The challenges posed to Democrats by this approach to politics are severe. The new information environment rewards improvisational politicians and punishes message-based ones. It makes nostalgia for the old world—the one in which people trusted experts, institutions, and the media—politically dangerous, because messages drafted by institutions don’t rise above the sea of information. What’s required is a kind of political-content factory. Not a ninety-minute play, followed by a Q. & A., but a chatbot, producing endlessly.

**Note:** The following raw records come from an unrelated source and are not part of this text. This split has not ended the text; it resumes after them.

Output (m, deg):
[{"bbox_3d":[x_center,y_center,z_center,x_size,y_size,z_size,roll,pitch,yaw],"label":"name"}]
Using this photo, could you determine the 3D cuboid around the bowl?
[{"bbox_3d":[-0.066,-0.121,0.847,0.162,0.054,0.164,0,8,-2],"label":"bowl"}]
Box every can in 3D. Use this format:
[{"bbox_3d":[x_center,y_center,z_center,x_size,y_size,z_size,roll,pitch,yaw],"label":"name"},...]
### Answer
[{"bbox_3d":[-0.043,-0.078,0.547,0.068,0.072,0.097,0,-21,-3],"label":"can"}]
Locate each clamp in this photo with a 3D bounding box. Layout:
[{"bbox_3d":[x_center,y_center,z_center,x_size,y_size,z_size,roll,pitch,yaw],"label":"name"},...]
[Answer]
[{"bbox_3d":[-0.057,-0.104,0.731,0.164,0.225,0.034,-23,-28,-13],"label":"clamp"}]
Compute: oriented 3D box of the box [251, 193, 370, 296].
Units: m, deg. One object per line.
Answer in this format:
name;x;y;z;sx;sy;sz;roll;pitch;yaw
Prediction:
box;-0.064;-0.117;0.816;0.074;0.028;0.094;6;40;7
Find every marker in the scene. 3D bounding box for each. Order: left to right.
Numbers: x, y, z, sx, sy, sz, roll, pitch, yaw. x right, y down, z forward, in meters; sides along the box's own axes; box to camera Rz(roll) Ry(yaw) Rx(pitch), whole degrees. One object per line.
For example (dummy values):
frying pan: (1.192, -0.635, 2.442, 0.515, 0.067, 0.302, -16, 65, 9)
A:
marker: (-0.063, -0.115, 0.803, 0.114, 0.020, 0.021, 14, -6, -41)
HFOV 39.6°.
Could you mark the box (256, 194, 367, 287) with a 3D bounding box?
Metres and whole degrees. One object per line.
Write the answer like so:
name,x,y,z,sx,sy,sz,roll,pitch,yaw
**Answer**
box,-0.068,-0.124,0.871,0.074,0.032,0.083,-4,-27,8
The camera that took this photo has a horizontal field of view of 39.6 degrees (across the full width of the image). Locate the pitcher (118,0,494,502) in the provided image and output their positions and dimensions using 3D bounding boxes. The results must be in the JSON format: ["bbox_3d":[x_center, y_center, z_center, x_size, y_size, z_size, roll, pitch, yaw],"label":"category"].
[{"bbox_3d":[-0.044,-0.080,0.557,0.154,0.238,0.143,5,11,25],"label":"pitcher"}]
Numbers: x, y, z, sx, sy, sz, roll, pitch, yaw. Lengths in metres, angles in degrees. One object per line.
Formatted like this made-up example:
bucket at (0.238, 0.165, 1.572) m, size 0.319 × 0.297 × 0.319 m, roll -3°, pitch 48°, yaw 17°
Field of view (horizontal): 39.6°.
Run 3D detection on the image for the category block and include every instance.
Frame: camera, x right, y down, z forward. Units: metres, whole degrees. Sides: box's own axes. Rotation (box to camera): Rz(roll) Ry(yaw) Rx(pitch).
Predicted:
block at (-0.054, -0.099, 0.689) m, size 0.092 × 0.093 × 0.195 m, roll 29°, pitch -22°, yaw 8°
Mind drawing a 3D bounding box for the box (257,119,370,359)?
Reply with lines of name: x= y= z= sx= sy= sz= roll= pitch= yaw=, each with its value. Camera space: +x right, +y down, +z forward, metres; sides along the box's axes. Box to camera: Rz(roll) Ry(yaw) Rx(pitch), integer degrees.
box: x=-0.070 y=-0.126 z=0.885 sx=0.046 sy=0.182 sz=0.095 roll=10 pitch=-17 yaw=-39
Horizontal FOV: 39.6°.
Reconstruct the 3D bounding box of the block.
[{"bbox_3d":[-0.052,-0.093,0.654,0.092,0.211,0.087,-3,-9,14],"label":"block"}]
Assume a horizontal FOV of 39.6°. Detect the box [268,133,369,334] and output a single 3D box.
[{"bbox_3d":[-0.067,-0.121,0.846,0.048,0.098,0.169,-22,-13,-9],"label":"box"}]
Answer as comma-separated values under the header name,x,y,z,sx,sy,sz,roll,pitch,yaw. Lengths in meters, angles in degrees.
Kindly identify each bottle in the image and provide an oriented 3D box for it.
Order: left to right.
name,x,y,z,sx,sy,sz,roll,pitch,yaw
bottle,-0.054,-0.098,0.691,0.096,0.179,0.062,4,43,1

Political messages could seem tired anyway, even before Trump. A message-based politician must endlessly negotiate the content of those messages, which can have a narrowing effect: in a recent podcast, the Times journalist Ezra Klein described the network of experts and activists who help shape Democratic positions as an “institutional straitjacket,” orienting the Party inward. Messages often need to be taught (if they’re complicated) or enforced (if they’re contentious); although some voters enjoy learning (and teaching), many don’t like being treated like pupils. Still other messages are anodyne and forgettable. What does “build back better” mean? What is the “opportunity economy”? It’s telling that the most energizing talking point of the Harris campaign was that Trump and his circle were “weird.” That moment would’ve been exactly that—a moment—in Trumpworld. The Democrats lingered over it, turning it into yet another message, which was soon overwhelmed by Trump’s free-wheeling meme machine: his real Operation Warp Speed.